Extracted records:

---------------

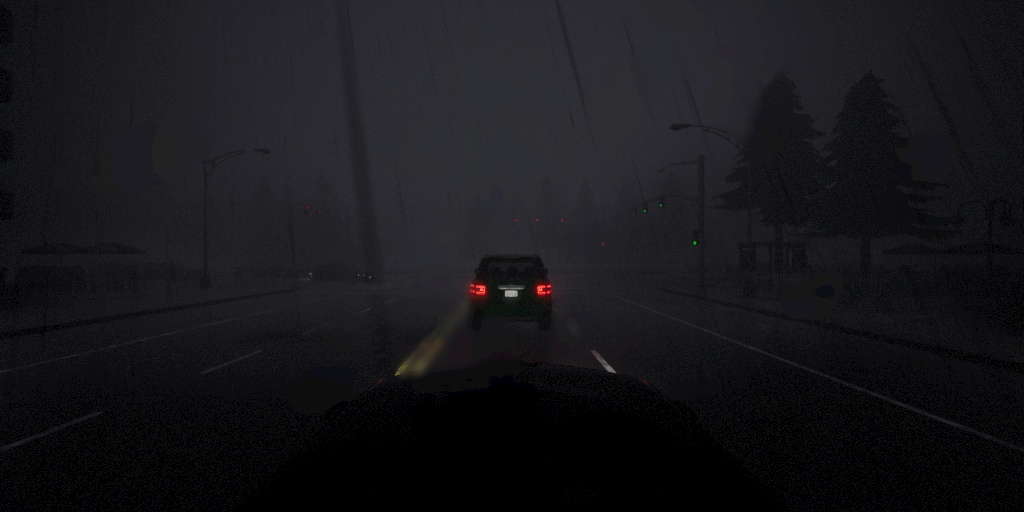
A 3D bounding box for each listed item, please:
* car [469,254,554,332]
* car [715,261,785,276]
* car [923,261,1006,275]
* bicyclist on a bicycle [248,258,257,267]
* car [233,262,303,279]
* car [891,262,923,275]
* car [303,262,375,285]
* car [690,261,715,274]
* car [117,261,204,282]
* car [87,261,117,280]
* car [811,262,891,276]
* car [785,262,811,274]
[{"bbox_3d":[-0.018,0.971,11.060,2.150,2.045,5.566,0,0,0],"label":"car"},{"bbox_3d":[22.954,1.186,34.707,4.902,1.511,2.128,0,0,0],"label":"car"},{"bbox_3d":[42.817,1.186,33.635,4.902,1.511,2.128,0,0,13],"label":"car"},{"bbox_3d":[-30.088,0.995,41.582,0.582,1.620,1.656,0,0,0],"label":"bicyclist on a bicycle"},{"bbox_3d":[-20.702,1.242,30.676,5.357,1.411,2.033,0,0,-1],"label":"car"},{"bbox_3d":[41.912,1.295,37.413,4.718,1.301,1.895,0,0,10],"label":"car"},{"bbox_3d":[-12.175,1.229,25.755,4.892,1.490,1.837,1,-1,19],"label":"car"},{"bbox_3d":[21.507,1.220,38.202,4.674,1.442,1.812,0,0,0],"label":"car"},{"bbox_3d":[-26.072,1.172,27.094,5.008,1.535,1.882,0,0,-1],"label":"car"},{"bbox_3d":[-32.808,1.200,30.391,4.892,1.490,1.837,0,0,-3],"label":"car"},{"bbox_3d":[32.705,1.242,34.701,5.357,1.411,2.033,0,0,1],"label":"car"},{"bbox_3d":[30.612,1.295,38.206,4.718,1.301,1.895,0,0,1],"label":"car"}]
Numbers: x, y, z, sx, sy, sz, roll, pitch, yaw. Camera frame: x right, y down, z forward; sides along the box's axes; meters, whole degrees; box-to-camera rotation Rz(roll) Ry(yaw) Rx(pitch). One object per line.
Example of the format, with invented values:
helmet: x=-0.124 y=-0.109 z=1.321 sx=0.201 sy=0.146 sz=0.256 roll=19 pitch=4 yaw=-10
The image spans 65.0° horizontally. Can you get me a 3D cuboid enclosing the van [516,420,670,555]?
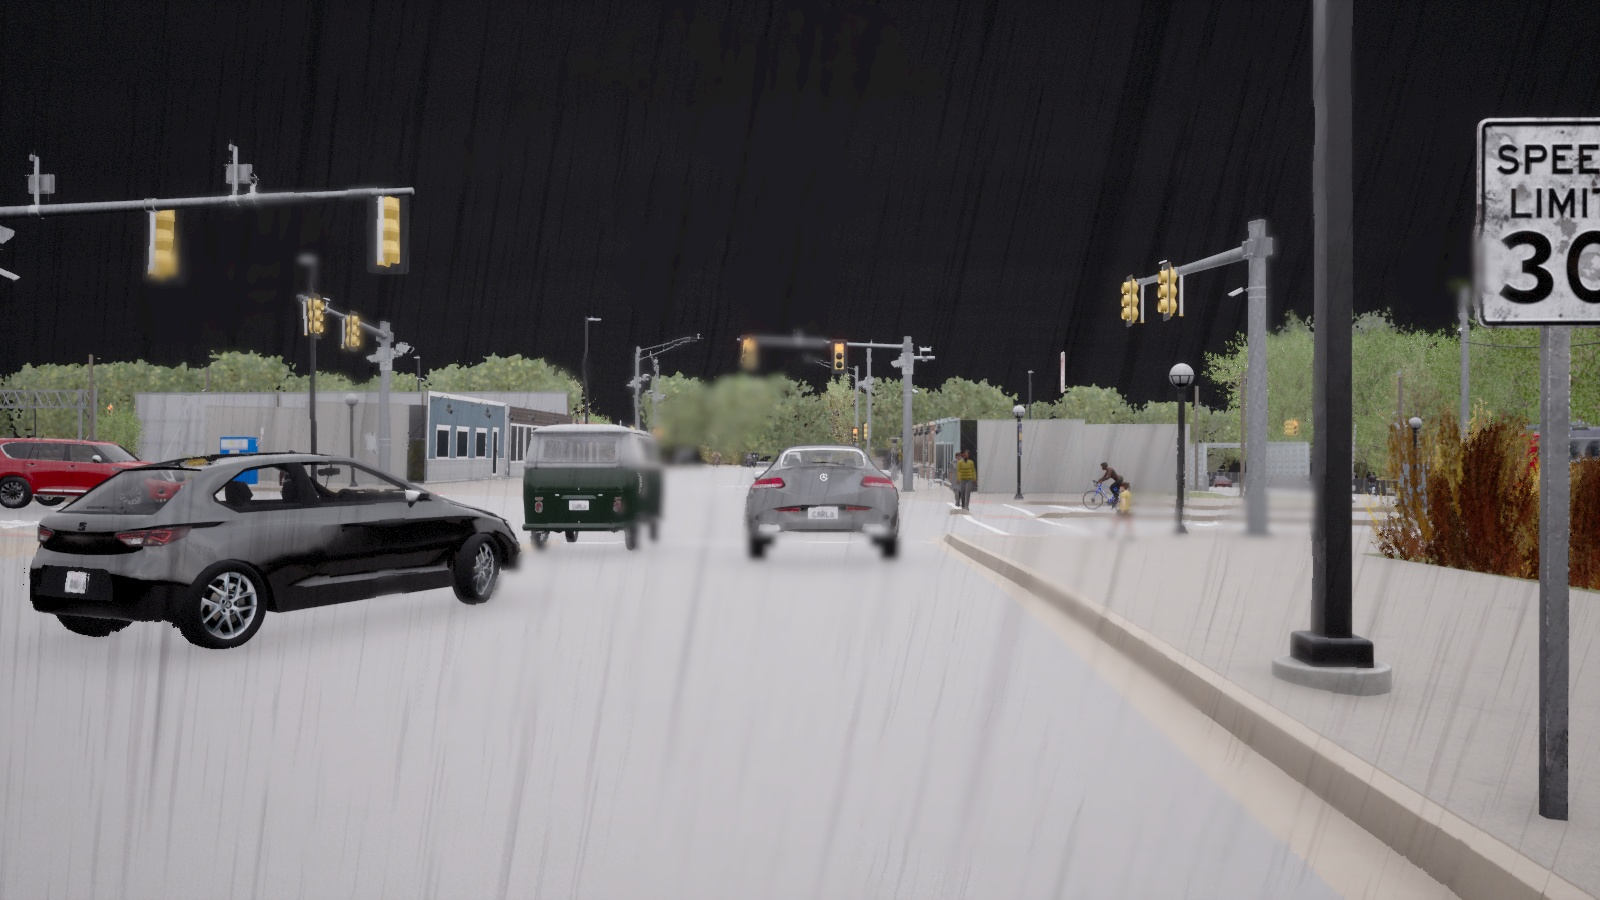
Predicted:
van: x=-3.282 y=0.598 z=20.731 sx=1.775 sy=1.987 sz=4.442 roll=0 pitch=-1 yaw=0

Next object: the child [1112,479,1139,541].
child: x=5.921 y=1.086 z=22.827 sx=0.255 sy=1.110 sz=0.394 roll=0 pitch=1 yaw=-39

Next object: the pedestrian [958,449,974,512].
pedestrian: x=4.925 y=0.903 z=37.302 sx=0.431 sy=1.840 sz=0.709 roll=0 pitch=1 yaw=3

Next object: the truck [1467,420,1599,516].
truck: x=32.456 y=0.826 z=54.751 sx=2.891 sy=3.827 sz=8.468 roll=-1 pitch=-1 yaw=6

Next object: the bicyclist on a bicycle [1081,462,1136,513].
bicyclist on a bicycle: x=10.250 y=1.247 z=41.786 sx=1.656 sy=1.620 sz=0.582 roll=1 pitch=-1 yaw=0

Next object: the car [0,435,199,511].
car: x=-21.005 y=0.661 z=36.899 sx=5.566 sy=2.045 sz=2.150 roll=1 pitch=0 yaw=-3

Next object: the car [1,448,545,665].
car: x=-4.332 y=0.746 z=11.057 sx=1.816 sy=1.474 sz=4.193 roll=0 pitch=1 yaw=28

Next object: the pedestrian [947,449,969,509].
pedestrian: x=5.253 y=0.946 z=41.719 sx=0.659 sy=1.952 sz=0.873 roll=0 pitch=1 yaw=9

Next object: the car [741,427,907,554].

---------------

> **What the task requires**
An exact copy of the lines from the one with "Next object: the pedestrian [947,449,969,509]." to the final line of the entries is all that the answer should hold.

> **Reply to the exercise**
Next object: the pedestrian [947,449,969,509].
pedestrian: x=5.253 y=0.946 z=41.719 sx=0.659 sy=1.952 sz=0.873 roll=0 pitch=1 yaw=9

Next object: the car [741,427,907,554].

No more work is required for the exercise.